ABOUT THIS TASK – Output the data in full. Keep every word exact and exclude the pictures.

MATERIAL FOR THIS EXERCISE –
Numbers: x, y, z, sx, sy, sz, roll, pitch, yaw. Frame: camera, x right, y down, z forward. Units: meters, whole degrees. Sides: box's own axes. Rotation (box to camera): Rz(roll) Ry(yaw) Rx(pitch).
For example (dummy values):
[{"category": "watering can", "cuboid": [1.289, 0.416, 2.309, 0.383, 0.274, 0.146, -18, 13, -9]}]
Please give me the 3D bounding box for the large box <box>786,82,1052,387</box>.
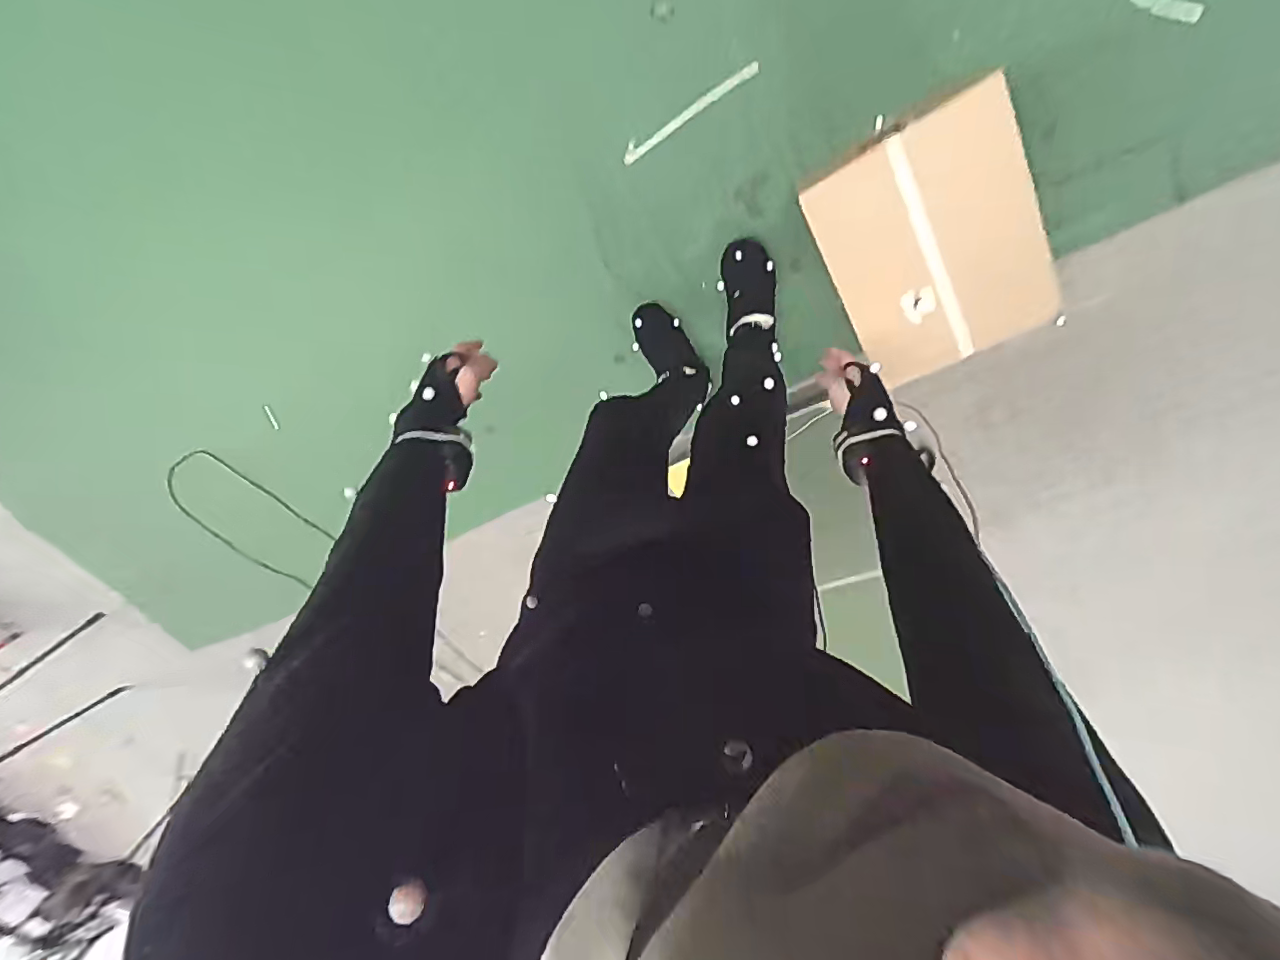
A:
[{"category": "large box", "cuboid": [0.517, -0.468, 1.058, 0.320, 0.320, 0.408, -23, 115, 26]}]

ANSWER BOX –
Numbers: x, y, z, sx, sy, sz, roll, pitch, yaw. Frame: camera, x right, y down, z forward. Units: meters, whole degrees. Sides: box's own axes. Rotation (box to camera): Rz(roll) Ry(yaw) Rx(pitch).
For example (dummy values):
[{"category": "watering can", "cuboid": [1.289, 0.416, 2.309, 0.383, 0.274, 0.146, -18, 13, -9]}]
Please give me the 3D bounding box for the large box <box>786,82,1052,387</box>.
A:
[{"category": "large box", "cuboid": [0.517, -0.468, 1.058, 0.320, 0.320, 0.408, -23, 115, 26]}]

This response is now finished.